コンビーナ:小槻 峻司(千葉大学 環境リモートセンシング研究センター)、林 武司(秋田大学教育文化学部)、福士 圭介(金沢大学環日本海域環境研究センター)、濱 侃(千葉大学大学院園芸学研究院)、座長:福士 圭介(金沢大学環日本海域環境研究センター)

09:45 〜 10:00

[AHW18-04] Optimizing Rice Crop Yield Predictions in the Vietnamese Mekong Delta: An Integrated Crop Modeling and Machine Learning Approach

*Le Dang1,2、Hiroshi ISHIDAIRA1、Phung Ky Nguyen3、Kazuyoshi SOUMA1、Jun MAGOME1、Bay Thi Nguyen4 (1.Interdisciplinary Centre for River Basin Environment, University of Yamanashi,、2.Faculty of Environment, University of Science, Vietnam National University Ho Chi Minh City, Ho Chi Minh City, Vietnam、3.Thu Duc People's Committee, Ho Chi Minh City, Vietnam、4.Faculty of Civil Engineering, University of Technology, Vietnam National University Ho Chi Minh City, Ho Chi Minh City, Vietnam)

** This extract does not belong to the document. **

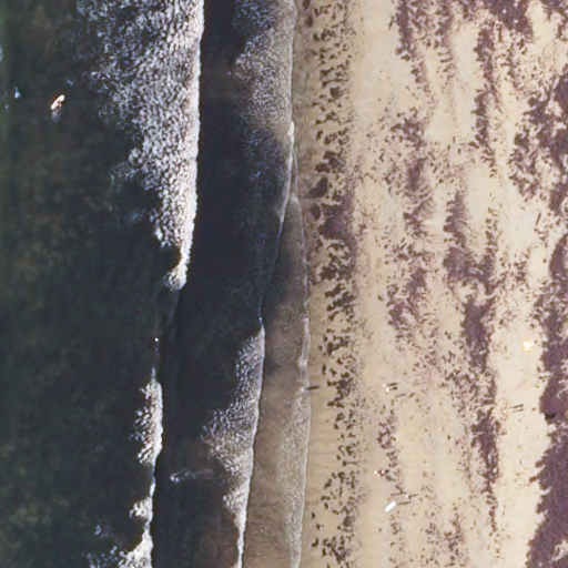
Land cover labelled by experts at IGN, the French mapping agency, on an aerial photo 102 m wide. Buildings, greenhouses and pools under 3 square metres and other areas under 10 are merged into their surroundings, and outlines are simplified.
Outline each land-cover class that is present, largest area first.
<instances>
[{"label":"bare soil","instance_id":"1","mask_svg":"<svg viewBox=\"0 0 568 568\"><path fill-rule=\"evenodd\" d=\"M280 24L264 33H255L246 42L244 53H240V58L235 60L237 64L229 71V78H237L253 89L255 124H260L266 131H275L286 153L284 193L277 206V237L286 242V249L293 257V277L286 284V300L277 306V317L273 320V324L260 328L251 344L244 346L240 359L235 362V373L242 384V402H233L229 408L215 410L211 428L204 426V433L209 435V448H215L226 470L240 475V486L233 493H229L224 501L215 508L211 519V533L202 537V544L209 548L211 564L215 568H568V0H280Z\"/></svg>","mask_w":568,"mask_h":568},{"label":"water","instance_id":"2","mask_svg":"<svg viewBox=\"0 0 568 568\"><path fill-rule=\"evenodd\" d=\"M280 0H0V568H215L211 564L209 548L202 544V537L211 533V519L215 508L224 501L229 493H233L240 486V475L226 470L215 448H209V435L204 433V426L211 428L215 410L229 408L233 402H242V384L235 373V362L240 359L244 346L251 344L260 328L273 324V320L277 317V306L286 300V284L293 277V257L286 249V242L277 237V206L284 193L286 153L275 131H266L260 124H255L253 89L237 78H229V71L237 64L235 60L240 58V53H244L246 42L255 33H264L280 24Z\"/></svg>","mask_w":568,"mask_h":568}]
</instances>

キーワード:Machine learning algorithms, DSSAT, Rice yield, Vietnamese Mekong Delta

Rice production holds a crucial role in Vietnam's food security, rural employment, and foreign exchange, with the majority originating from the Vietnamese Mekong Delta (VMD). This study aims to assess the potential of integrating the Decision Support System for Agrotechnology Transfer (DSSAT) model and machine learning algorithms including Random Forest (RF), Support Vector Regression (SVR), Bayesian Ridge (BRR), Gradient Boosting (GB) and Extreme Gradient Boosting (XGBoost) to predict and proactively manage rice productivity factors in Long Phu district, Soc Trang province, VMD. The DSSAT model, applied for simulating rice productivity from 2015 to 2020, utilizes daily meteorological data, soil characteristics, crop varieties, irrigation regime and cultivation management information as input data. The machine learning models incorporates rice yield from DSSAT output along with daily minimum and maximum temperatures, daily precipitation, daily solar radiation, and dailywind speed. With a high coefficient of determination (R2) of 0.92 and normalized root mean square error (nRMSE) of 1.39, the DSSAT model serves as a suitable input for machine learning models.Random Forest, Support Vector Regression, XGBoost, Ridge Regression, and Gradient Boosting algorithms all demonstrating R2 values exceeding 0.9. This affirms their efficacy in simulating rice yield, essential for early issue identification and yield optimization.